Three weeks passed since the previous article. Here are the answers to the previous three questions:
Q1: The original paper of CLIP uses L2 normalization on multimodal embeddings. But in my test, the model will not converge with it.
Answer 1: The reason the model didn’t converge is that the learning rate is too large. After reducing the learning rate a bit and adding the L2 normalization, the model could get above 80% validation accuracy. The L2 normalization essentially projects embeddings to a high-dimensional sphere with a one-unit radius, which by intuitive could regularize the model.
Q2: Adding the learnable temperature parameter will cause a training error, which requires a “retain_graph=True” argument for “backward()”
Answer 2: If I use the code
def __init__(self): self.logit_scale = nn.Parameter(torch.ones([]) * np.log(1 / 0.07)).exp() def forward(self): ... logits_per_image = self.logit_scale * img_embds @ txt_embds.T
it will report the error
Traceback (most recent call last): File "/home/robin/code/try_multimodal/train.py", line 196, in <module> trainer.train(args) File "/home/robin/code/try_multimodal/train.py", line 149, in train train_result = self.train_loop(cmodel, optimizer) File "/home/robin/code/try_multimodal/train.py", line 81, in train_loop self.scaler.scale(loss).backward() File "/home/robin/miniconda3/envs/nanoGPT/lib/python3.10/site-packages/torch/_tensor.py", line 522, in backward torch.autograd.backward( File "/home/robin/miniconda3/envs/nanoGPT/lib/python3.10/site-packages/torch/autograd/__init__.py", line 266, in backward Variable._execution_engine.run_backward( # Calls into the C++ engine to run the backward pass RuntimeError: Trying to backward through the graph a second time (or directly access saved tensors after they have already been freed). Saved intermediate values of the graph are freed when you call .backward() or autograd.grad(). Specify retain_graph=True if you need to backward through the graph a second time or if you need to access saved tensors after calling backward.

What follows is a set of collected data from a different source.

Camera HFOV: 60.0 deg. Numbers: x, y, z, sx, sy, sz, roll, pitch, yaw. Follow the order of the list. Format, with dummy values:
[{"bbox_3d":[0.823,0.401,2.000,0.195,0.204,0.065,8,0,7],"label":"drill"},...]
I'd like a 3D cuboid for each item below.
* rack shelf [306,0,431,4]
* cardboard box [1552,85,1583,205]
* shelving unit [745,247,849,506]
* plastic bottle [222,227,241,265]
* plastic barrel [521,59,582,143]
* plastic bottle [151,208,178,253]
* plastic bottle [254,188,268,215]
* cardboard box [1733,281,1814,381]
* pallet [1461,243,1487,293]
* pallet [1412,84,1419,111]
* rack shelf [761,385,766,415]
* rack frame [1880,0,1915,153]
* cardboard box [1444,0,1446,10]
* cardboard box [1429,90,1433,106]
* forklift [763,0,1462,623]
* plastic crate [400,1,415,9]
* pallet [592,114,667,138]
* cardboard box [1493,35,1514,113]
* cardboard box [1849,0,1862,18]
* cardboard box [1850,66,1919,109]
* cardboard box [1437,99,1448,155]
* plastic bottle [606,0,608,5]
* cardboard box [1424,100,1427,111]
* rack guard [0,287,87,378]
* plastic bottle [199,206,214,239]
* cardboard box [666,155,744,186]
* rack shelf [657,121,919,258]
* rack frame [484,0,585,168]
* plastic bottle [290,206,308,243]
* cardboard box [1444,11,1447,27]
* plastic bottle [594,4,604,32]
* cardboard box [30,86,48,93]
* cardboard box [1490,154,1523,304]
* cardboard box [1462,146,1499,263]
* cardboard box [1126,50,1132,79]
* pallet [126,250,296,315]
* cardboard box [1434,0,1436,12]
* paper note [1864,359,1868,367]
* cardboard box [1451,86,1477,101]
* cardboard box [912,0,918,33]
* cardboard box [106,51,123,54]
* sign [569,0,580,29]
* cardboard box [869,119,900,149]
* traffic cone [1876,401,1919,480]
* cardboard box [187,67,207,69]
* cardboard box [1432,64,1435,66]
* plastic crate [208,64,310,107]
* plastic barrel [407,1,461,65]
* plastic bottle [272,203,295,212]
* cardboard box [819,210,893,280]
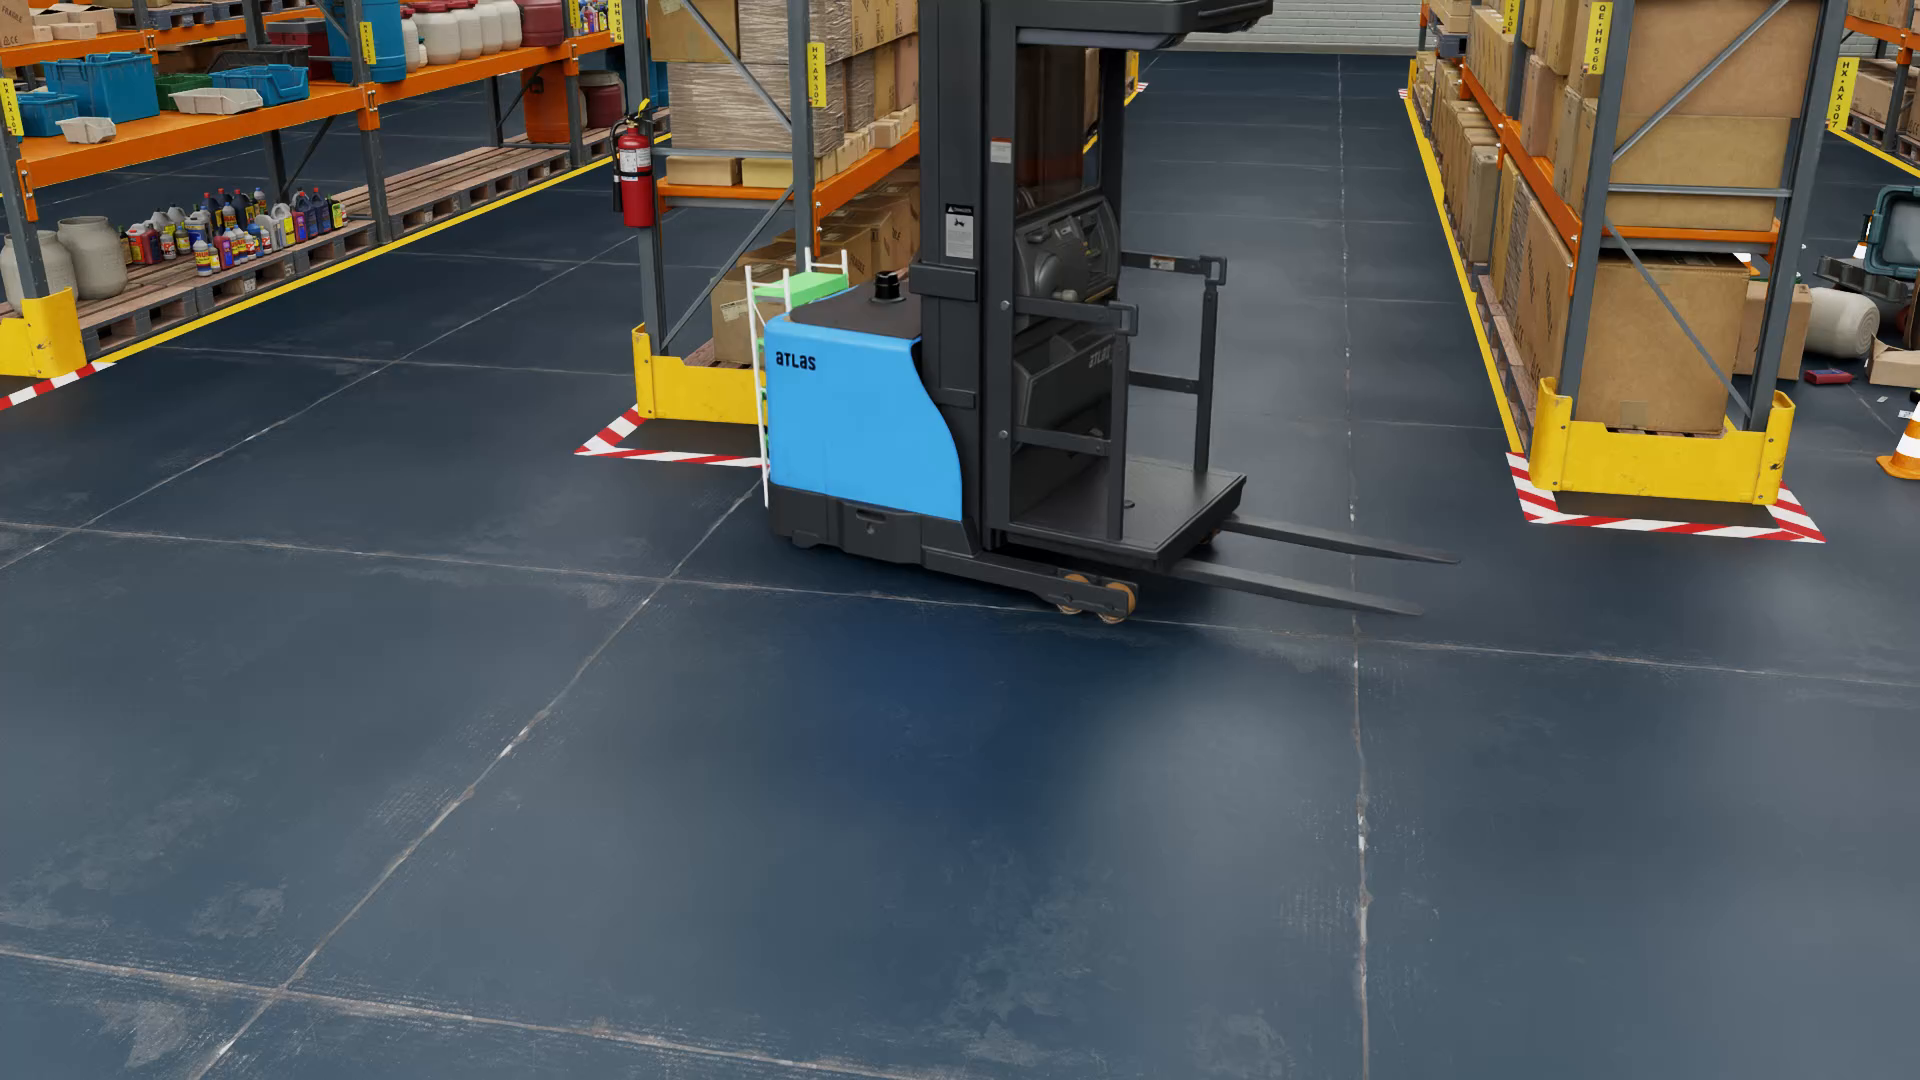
[{"bbox_3d":[-8.130,-7.635,23.759,1.077,0.370,4.000,4,22,11],"label":"rack shelf"},{"bbox_3d":[3.668,-2.089,8.824,0.875,0.550,0.550,4,22,11],"label":"cardboard box"},{"bbox_3d":[-0.761,-0.796,8.208,0.258,1.200,0.503,9,24,29],"label":"shelving unit"},{"bbox_3d":[-5.393,-2.173,12.297,0.097,0.271,0.097,0,22,0],"label":"plastic bottle"},{"bbox_3d":[-4.423,-4.764,18.010,0.600,0.830,0.708,4,22,11],"label":"plastic barrel"},{"bbox_3d":[-6.056,-2.352,12.635,0.144,0.351,0.185,5,23,13],"label":"plastic bottle"},{"bbox_3d":[-5.816,-2.788,13.824,0.097,0.271,0.097,0,22,0],"label":"plastic bottle"},{"bbox_3d":[5.049,-1.336,10.498,0.500,0.500,0.500,8,23,20],"label":"cardboard box"},{"bbox_3d":[4.445,-2.134,12.871,1.003,0.211,1.213,4,22,11],"label":"pallet"},{"bbox_3d":[6.594,-5.913,22.253,1.003,0.211,1.213,4,22,11],"label":"pallet"},{"bbox_3d":[-0.759,-0.736,8.230,0.258,0.148,0.480,9,24,29],"label":"rack shelf"},{"bbox_3d":[10.861,-5.725,18.054,1.000,3.000,0.127,4,22,11],"label":"rack frame"},{"bbox_3d":[4.988,-5.320,16.424,0.380,0.149,0.250,5,22,11],"label":"cardboard box"},{"bbox_3d":[5.747,-5.216,19.644,0.380,0.149,0.250,5,22,12],"label":"cardboard box"},{"bbox_3d":[0.645,-1.238,7.003,3.031,2.935,1.130,12,25,26],"label":"forklift"},{"bbox_3d":[-5.135,-4.858,15.814,0.402,0.464,0.583,4,22,11],"label":"plastic crate"},{"bbox_3d":[-4.135,-4.838,19.585,1.003,0.211,1.213,4,22,11],"label":"pallet"},{"bbox_3d":[4.206,-3.398,12.141,0.500,0.500,0.500,4,22,11],"label":"cardboard box"},{"bbox_3d":[11.014,-6.525,19.905,0.500,0.500,0.500,5,23,13],"label":"cardboard box"},{"bbox_3d":[11.461,-5.610,20.636,0.875,0.438,0.875,5,22,12],"label":"cardboard box"},{"bbox_3d":[5.258,-4.283,17.257,0.500,0.500,0.500,3,22,9],"label":"cardboard box"},{"bbox_3d":[-3.958,-6.034,18.887,0.144,0.351,0.185,4,22,11],"label":"plastic bottle"},{"bbox_3d":[5.866,-5.298,20.247,0.380,0.149,0.250,4,22,9],"label":"cardboard box"},{"bbox_3d":[-6.169,-1.342,10.516,1.175,0.500,0.348,4,22,11],"label":"rack guard"},{"bbox_3d":[-5.925,-2.482,13.064,0.097,0.271,0.097,0,22,0],"label":"plastic bottle"},{"bbox_3d":[-1.434,-2.096,9.378,0.380,0.149,0.250,4,22,11],"label":"cardboard box"},{"bbox_3d":[-0.881,-2.490,10.984,1.077,0.370,4.000,4,22,11],"label":"rack shelf"},{"bbox_3d":[-4.506,-5.395,17.235,1.000,3.000,0.127,4,22,11],"label":"rack frame"},{"bbox_3d":[-5.203,-2.486,13.059,0.061,0.283,0.133,6,23,14],"label":"plastic bottle"},{"bbox_3d":[4.933,-5.081,16.229,0.380,0.149,0.250,5,22,12],"label":"cardboard box"},{"bbox_3d":[-3.935,-5.690,18.122,0.061,0.283,0.133,4,22,11],"label":"plastic bottle"},{"bbox_3d":[-9.749,-4.785,18.087,0.500,0.311,0.500,5,23,13],"label":"cardboard box"},{"bbox_3d":[4.165,-2.125,11.396,0.875,0.875,0.875,5,22,12],"label":"cardboard box"},{"bbox_3d":[4.400,-2.525,12.557,1.050,0.750,0.750,4,22,11],"label":"cardboard box"},{"bbox_3d":[1.923,-6.913,23.285,0.875,0.875,0.875,4,22,11],"label":"cardboard box"},{"bbox_3d":[-5.747,-1.949,12.411,1.003,0.211,1.213,4,22,11],"label":"pallet"},{"bbox_3d":[5.305,-5.750,17.890,0.380,0.149,0.250,5,22,11],"label":"cardboard box"},{"bbox_3d":[5.876,-1.123,10.611,0.172,0.023,0.155,13,25,29],"label":"paper note"},{"bbox_3d":[5.061,-4.256,16.186,0.500,0.250,0.500,4,22,10],"label":"cardboard box"},{"bbox_3d":[-0.500,-3.652,11.036,0.500,0.500,0.500,4,22,11],"label":"cardboard box"},{"bbox_3d":[-12.923,-7.286,24.712,0.700,0.500,0.500,5,22,12],"label":"cardboard box"},{"bbox_3d":[-3.966,-5.432,17.107,0.100,0.325,0.005,4,22,11],"label":"sign"},{"bbox_3d":[-0.597,-2.603,10.638,0.380,0.149,0.250,4,22,11],"label":"cardboard box"},{"bbox_3d":[5.044,-0.586,8.690,0.336,0.463,0.334,4,22,11],"label":"traffic cone"},{"bbox_3d":[-9.186,-5.561,20.402,0.500,0.500,0.500,4,22,9],"label":"cardboard box"},{"bbox_3d":[6.164,-5.929,21.018,0.380,0.149,0.250,5,22,11],"label":"cardboard box"},{"bbox_3d":[-5.282,-3.438,12.574,0.499,0.251,0.616,4,22,11],"label":"plastic crate"},{"bbox_3d":[-4.763,-4.597,15.071,0.433,0.535,0.433,0,22,0],"label":"plastic barrel"},{"bbox_3d":[-5.361,-2.548,13.221,0.152,0.276,0.135,4,22,11],"label":"plastic bottle"},{"bbox_3d":[-0.753,-2.004,11.598,0.500,0.500,0.500,2,22,6],"label":"cardboard box"}]

But if I moved the “exp()” to “forward()”:
def __init__(self): self.logit_scale = nn.Parameter(torch.ones([]) * np.log(1 / 0.07)) def forward(self): ... logits_per_image = self.logit_scale.exp() * img_embds @ txt_embds.T
It works well. The reason is that “exp()” would bring the gradient to “logit_scale” so we’d better to let it in “forward()” to avoid graph edge duplication.
Q3: When using “torch.compile()”, it will report a Triton error after the first epoch
Answer 3: Seems the “torch.compile()” needs the input batch to be fixed shape, which means you’d better not change the batch_size at the training step. To avoid this, I dropped the last batch of the dataset since the last batch usually wouldn’t have enough samples for BATCH_SIZE.
There is a new discovery for “torch.compile()”. Yesterday I was trying to compile the model (a self-implement ALBEF) but came an error:
... torch._dynamo.exc.BackendCompilerFailed: backend='inductor' raised: InvalidCxxCompiler: No working C++ compiler found in torch._inductor.config.cpp.cxx: (None, 'g++')
After tumbling in the debug document of PyTorch compiling, I finally found out that the solution is just installed “g++” on my computer…
Previously, the evaluation of 50000 val images of ImageNet1K shows that the top-5 accuracy is just 6.66%. After I added CC12M with CC3M as training dataset, the top-5 evaluation accuracy raised to 23.76%. My tiny CLIP model checkpoint is here.